Norman Geisler and Frank Turek, in their book I Don’t Have Enough Faith to be an Atheist, state the following:

- Truth is discovered, not invented. It exists independent of anyone’s knowledge of it. (Gravity existed prior to Newton.)

- Truth is transcultural; if something is true, it is true for all people, in all places, at all times. (2+2=4 for everyone, everywhere, at every time.)

- Truth is unchanging even though our beliefs about truth change. (When we began to believe the earth was round instead of flat, the truth about the earth didn’t change, only our belief about the earth changed.)

Therefore, as we try to ascertain what God is like, we are simply trying to discover truths already there.

First, God exists. The Bible never argues for God’s existence; it simply states it. The fact that God is should be self-evident through the works He has created (Psalm 19:1-6). Genesis 1:1 says, “In the beginning God created the heavens and the earth.” This is a simple yet powerful statement. The universe includes time, space, matter, and energy, so that all discernible elements in the universe came into being by God’s decree. Albert Einstein’s Theory of General Relativity states that all time, space, and matter had a definite, simultaneous beginning. What has a beginning has a cause. That is the law of causality, and the fact of God easily explains the ultimate cause. God is the creator of all that is, and so we know something else about Him: He is almighty (Joel 1:15), He is eternally self-existent (Psalm 90:2), and He exists above and beyond all of creation (Psalm 97:9).

The same God who made all things also controls those things. He is sovereign (Isaiah 46:10). He who creates an item owns it and has power to utilize it as he sees fit. The ultimate cause has ultimate authority. In Isaiah 44:24 God presents Himself as the One “who has made all things, who alone stretched out the heavens, who spread out the earth by myself.” The next verse says that He “overthrows the learning of the wise and turns it into nonsense.” This is obviously a God with power to do as He pleases.

God is spirit (John 4:24) and cannot be represented by any created thing; in fact, the attempt to create such a representation is blasphemous (Exodus 20:4-6). God is unchanging (Malachi 3:6). God is all-knowing (1 John 3:20) and all-present (Psalm 139:7-13). He is holy and glorious (Isaiah 6:3). He is just (Deuteronomy 32:4) and will justly judge all sin and unrighteousness (Jude 1:15).

The judgment of God highlights another truth about what He is like: He is a moral being. C. S. Lewis, in Mere Christianity, makes the case that, just as there exists observable laws of nature (gravity, entropy, etc.), there are also observable laws of morality. He writes, “First, that human beings, all over the earth, have this curious idea that they ought to behave in a certain way, and cannot really get rid of it. Secondly, that they do not in fact behave in that way. They know the Law of Nature; they break it. These two facts are the foundation of all clear thinking about ourselves and the universe we live in.” Despite varied ideas about what constitutes right and wrong, there is a universal belief that right and wrong exist, and this is a reflection of the God who made us (Genesis 1:26; Ecclesiastes 3:11).
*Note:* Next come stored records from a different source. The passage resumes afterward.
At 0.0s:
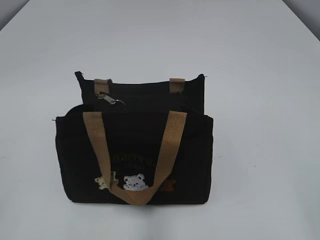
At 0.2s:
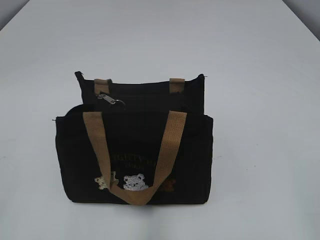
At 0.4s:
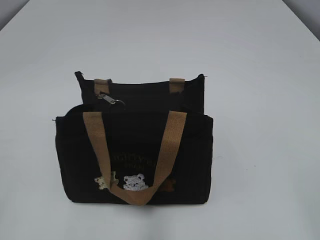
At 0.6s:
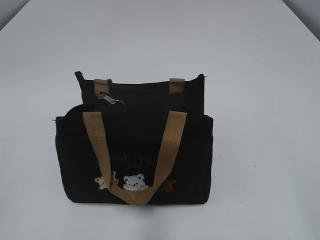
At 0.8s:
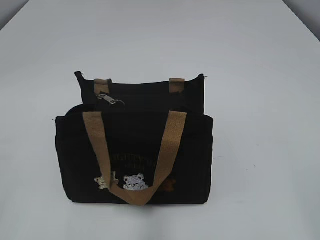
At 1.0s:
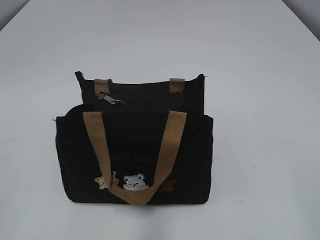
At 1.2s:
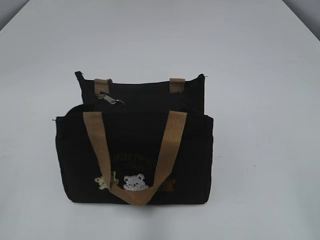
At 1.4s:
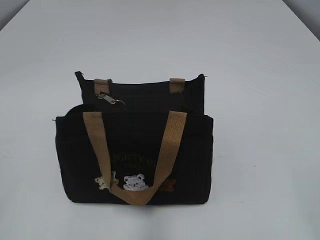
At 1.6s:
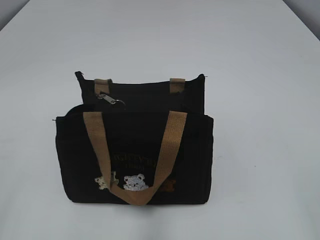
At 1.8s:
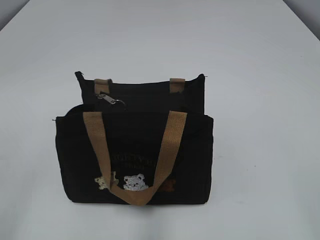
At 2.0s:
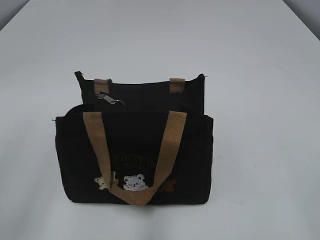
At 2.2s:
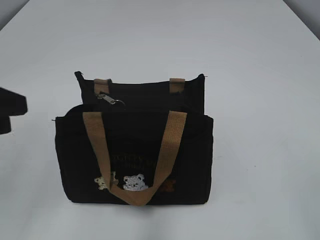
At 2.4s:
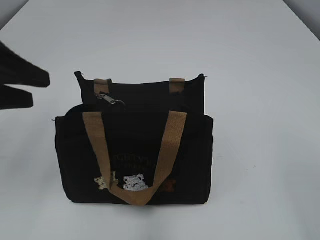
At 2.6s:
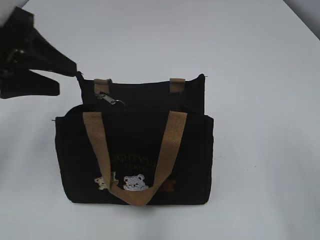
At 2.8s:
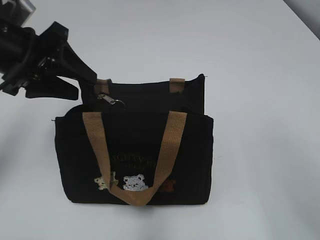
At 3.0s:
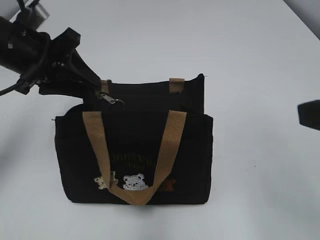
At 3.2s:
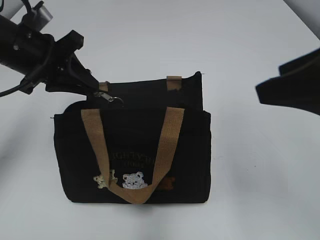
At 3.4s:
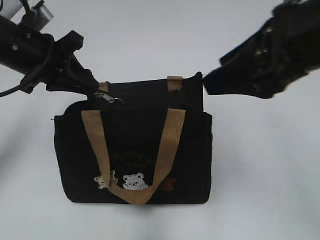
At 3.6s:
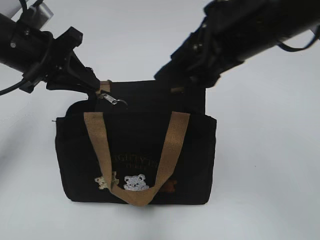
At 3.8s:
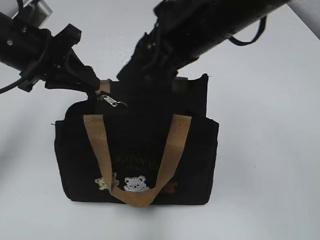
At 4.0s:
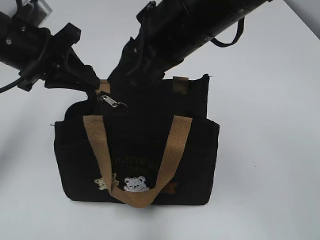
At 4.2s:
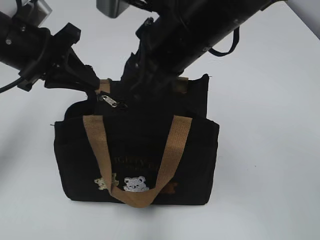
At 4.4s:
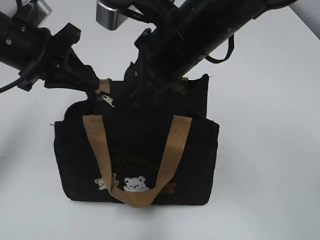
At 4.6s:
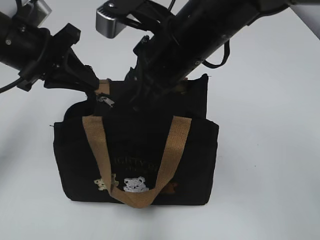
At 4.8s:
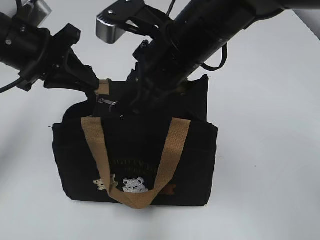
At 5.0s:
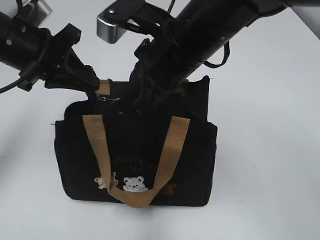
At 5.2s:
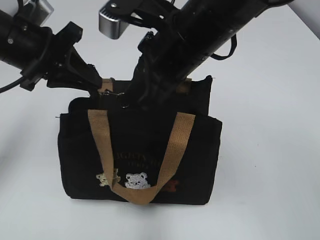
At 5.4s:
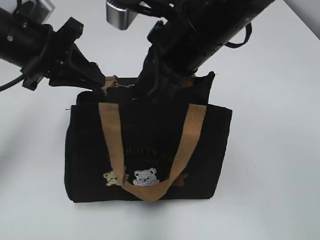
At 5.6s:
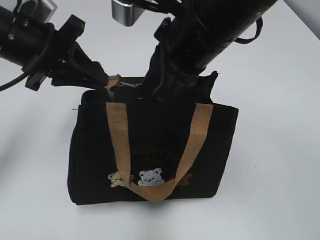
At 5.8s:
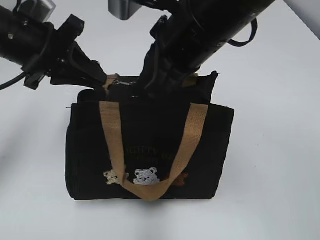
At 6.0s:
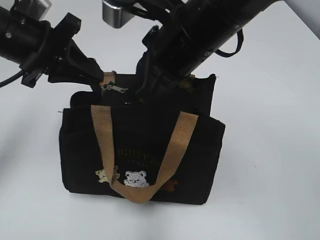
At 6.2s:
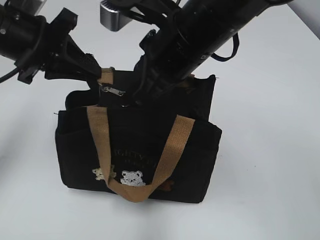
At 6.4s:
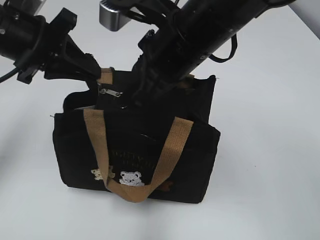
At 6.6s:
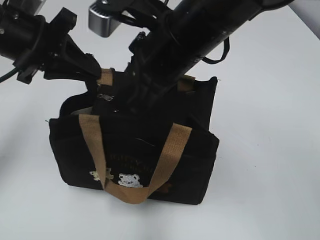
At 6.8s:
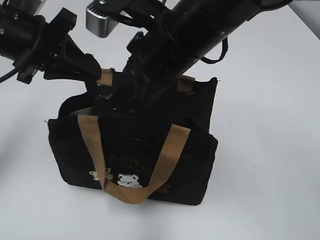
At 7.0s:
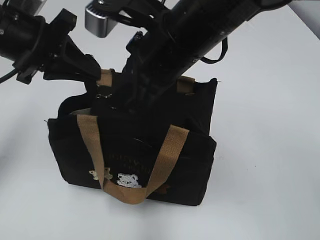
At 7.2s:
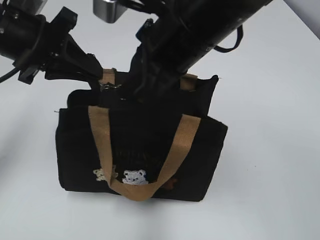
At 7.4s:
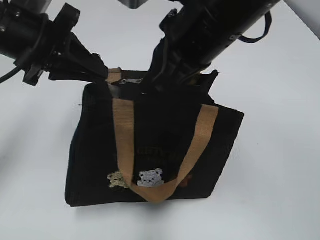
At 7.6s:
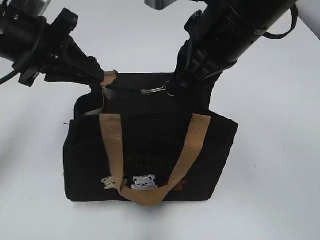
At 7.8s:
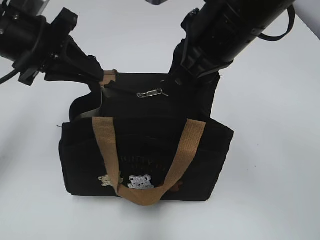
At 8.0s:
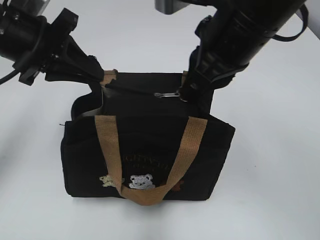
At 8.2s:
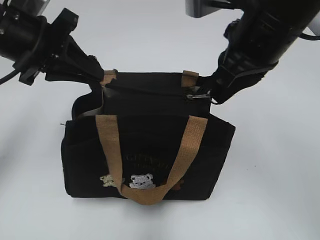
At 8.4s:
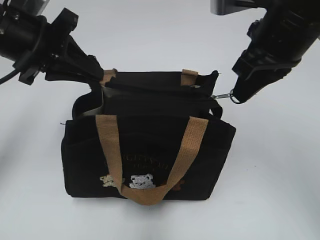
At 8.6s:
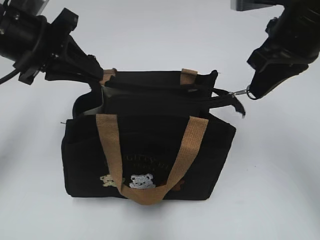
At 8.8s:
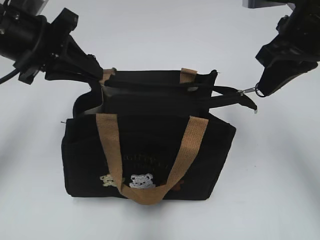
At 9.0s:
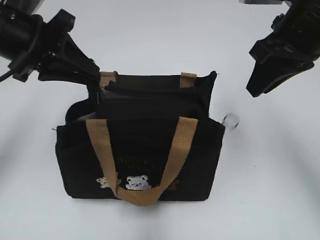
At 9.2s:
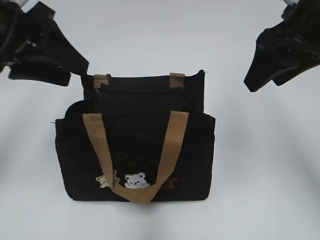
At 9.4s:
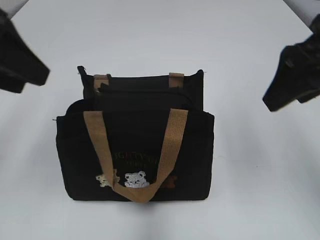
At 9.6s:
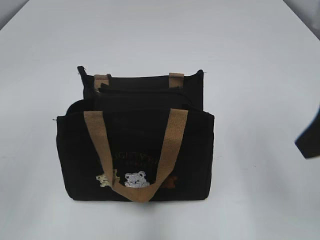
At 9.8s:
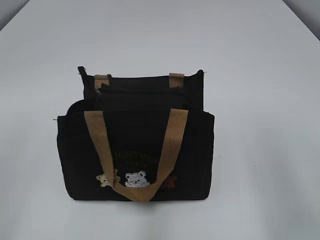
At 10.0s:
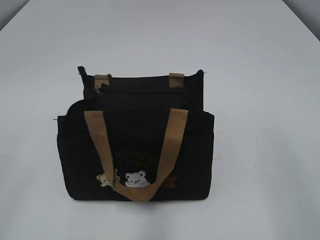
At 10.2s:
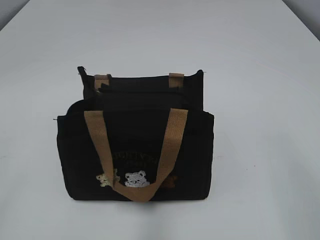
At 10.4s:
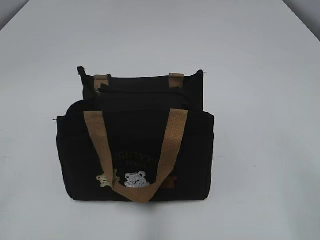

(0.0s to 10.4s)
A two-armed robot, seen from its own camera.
Step, 0.0s - 8.8s: Pull open the zipper with your right hand.
1.4s - 3.0s: The right gripper moves forward, roughly 15 cm. The left gripper shifts approximately 30 cm forward.
3.0s - 4.4s: The right gripper shifts approximately 25 cm to the left and forward, and closes its fingers. The left gripper closes.
4.4s - 6.0s: The right gripper closes its fingers.
7.4s - 9.0s: The right gripper goes roughly 10 cm to the right.
9.0s - 10.4s: The grippers both shift backward by some 30 cm. The left gripper opens; the right gripper opens.

When Jesus entered our world, He showed us the Father (John 14:7-9). Through Jesus, we understand that God seeks to save the lost (Luke 19:10). He is compassionate (Matthew 14:14), He is merciful (Luke 6:36), and He is forgiving (Matthew 9:1-8). At the same time, Jesus shows us that God will judge unrepentant sin (Luke 13:5) and that God is angry with those who live falsely and refuse to acknowledge the truth (Matthew 23).

Most of all, Jesus showed us that God is love (1 John 4:8). It was in love that God sent His Son into the world (John 3:16). It was in love that Jesus died on the cross for sinners (Romans 5:8). It is in love that He still calls sinners to repentance to experience the grace of God and to be called the children of God (1 John 3:1).